# Bathroom vent flap making a lot of noise when windy - took video - suggestions?



## joecaption (Nov 30, 2011)

Post some picture of how it's vented out the roof.
This is not a common as you suggested.


----------



## carpdad (Oct 11, 2010)

On the roof, you need to replace the caps. Broan or such make good quality caps with rubber foam seal around the door. First check the box stores at least to get a feel for what is good quality. Most important is the door and rubber foam (cheap foam will not work) that is flat and makes a good seal. Next is strong steel mesh outside that will keep out mice and such. If not the box stores, check amazon and you can return if door is not flat. Call it defective. Since roof caps have down closing doors (vs wall caps that close to the side), and bath fans are not high power, weights on these doors will prevent proper ventilation.
If I had the choice, I'd put them on the wall using same good quality steel caps.


----------



## Mahonroy (Jan 17, 2017)

joecaption said:


> Post some picture of how it's vented out the roof.
> This is not a common as you suggested.


I uploaded 2 photos showing how its vented outside. I believe the vents to be the shiny silver boxy ones:


















This is a brand new house by the way, build was completed like 2 months ago.


----------



## ryansdiydad (Aug 16, 2015)

Not familiar with those caps but others probably are and can provide more information.. 

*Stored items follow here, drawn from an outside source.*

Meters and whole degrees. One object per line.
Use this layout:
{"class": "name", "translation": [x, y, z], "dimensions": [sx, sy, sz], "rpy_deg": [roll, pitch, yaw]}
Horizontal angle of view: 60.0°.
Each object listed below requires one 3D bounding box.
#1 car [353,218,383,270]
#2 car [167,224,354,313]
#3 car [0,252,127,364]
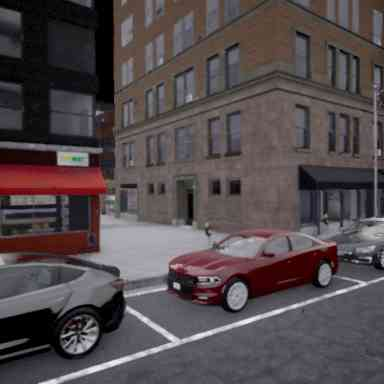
{"class": "car", "translation": [6.088, 1.550, 10.886], "dimensions": [4.403, 1.369, 2.008], "rpy_deg": [0, -1, -35]}
{"class": "car", "translation": [1.543, 1.544, 7.643], "dimensions": [4.507, 1.381, 1.887], "rpy_deg": [0, -1, -35]}
{"class": "car", "translation": [-3.001, 1.566, 4.401], "dimensions": [4.313, 1.339, 1.947], "rpy_deg": [0, -1, -35]}
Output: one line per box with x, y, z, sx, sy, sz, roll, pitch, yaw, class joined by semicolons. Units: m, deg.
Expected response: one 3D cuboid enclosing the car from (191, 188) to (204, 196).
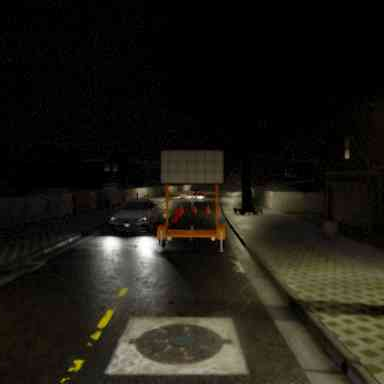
0.955;-0.006;59.401;1.895;1.301;4.718;0;2;8;car

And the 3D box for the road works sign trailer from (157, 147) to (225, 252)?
0.009;0.135;12.321;2.380;3.560;2.880;0;1;2;road works sign trailer

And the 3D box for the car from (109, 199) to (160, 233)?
-2.702;1.083;16.505;1.812;1.442;4.674;0;1;2;car
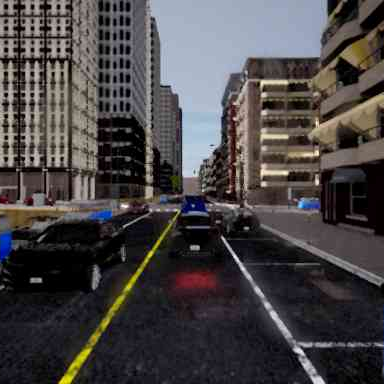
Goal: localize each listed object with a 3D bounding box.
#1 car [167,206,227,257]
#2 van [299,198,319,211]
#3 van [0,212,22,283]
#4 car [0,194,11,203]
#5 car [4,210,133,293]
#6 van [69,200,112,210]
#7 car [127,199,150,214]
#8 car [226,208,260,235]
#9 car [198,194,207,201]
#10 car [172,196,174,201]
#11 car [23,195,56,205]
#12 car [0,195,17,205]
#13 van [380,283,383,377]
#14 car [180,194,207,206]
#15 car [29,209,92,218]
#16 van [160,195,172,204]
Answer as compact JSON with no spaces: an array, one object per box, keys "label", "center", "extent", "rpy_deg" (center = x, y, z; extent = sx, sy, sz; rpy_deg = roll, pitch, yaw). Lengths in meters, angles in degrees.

Barring that the next step would be going on the roof and checking if these all have dampers to prevent the draft you seem to be experiencing.. Essentially when the bathroom fan is not in use the dampers should be shut to prevent any air from blowing in from the outside... Odds are that they either do not have them or they are defective..


----------



## lenaitch (Feb 10, 2014)

If the build is that new, contact the builder/developer and run the problem by them. Any dinking you do will likely negate anything they might have been willing to do.


----------



## carpdad (Oct 11, 2010)

If the pvc pipe on the wall is for radon, it is not draining to sewer. It is buried under your slab and draining into it. I would put another 1/8 or more bend at the end.


----------



## Mahonroy (Jan 17, 2017)

carpdad said:


> If the pvc pipe on the wall is for radon, it is not draining to sewer. It is buried under your slab and draining into it. I would put another 1/8 or more bend at the end.

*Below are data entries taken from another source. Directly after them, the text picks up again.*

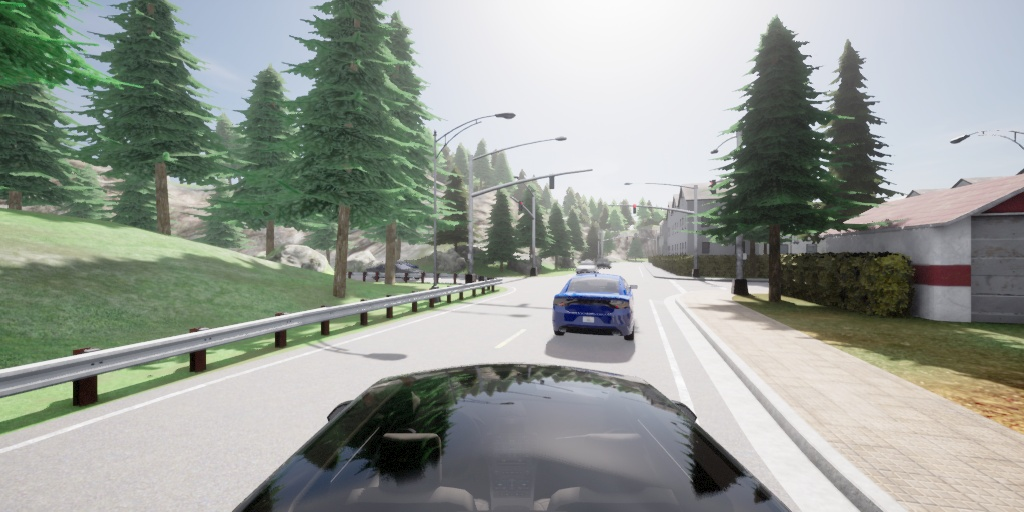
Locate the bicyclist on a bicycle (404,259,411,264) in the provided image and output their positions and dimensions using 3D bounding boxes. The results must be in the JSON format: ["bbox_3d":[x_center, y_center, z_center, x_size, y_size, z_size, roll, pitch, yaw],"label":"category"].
[{"bbox_3d":[-11.150,1.167,38.207,0.582,1.620,1.656,-2,5,18],"label":"bicyclist on a bicycle"}]

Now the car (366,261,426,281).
[{"bbox_3d":[-9.879,1.313,30.363,5.357,1.411,2.033,0,0,20],"label":"car"}]

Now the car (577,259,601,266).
[{"bbox_3d":[7.806,1.276,37.184,1.812,1.442,4.674,0,0,19],"label":"car"}]

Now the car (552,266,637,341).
[{"bbox_3d":[2.449,1.228,10.126,1.882,1.535,5.008,0,0,19],"label":"car"}]

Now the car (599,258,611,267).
[{"bbox_3d":[14.187,1.102,55.606,2.097,1.767,4.553,0,0,19],"label":"car"}]

Carpdad, I am not sure what you are talking about...

The white pipe is for radon, this works by pumping radon gas from under the slab and out to the top of the roof. It has nothing to do with drainage, or the bathroom vent flapper sounds.


----------



## RRH (Nov 24, 2016)

Dont add a weight it will not open.

Some reason you have the outside vents in just the right place for to much wind.
I assuming they are not having this problem when the central heat is on. Doors closed to bath and a vent close by the exhaust fan.

Try this first. Lambro 1775L Inline Damper 
get any brand. This one just easy for you to goggle.

Still a prob. Maybe a bad batch of the exhaust fan. So remove flapper and use an inline one.

And of course if you really have cheap fans and want an upgrade. Unplug the fan motor and delete the flapper in you fan. Then install a panasonic inline fan.


----------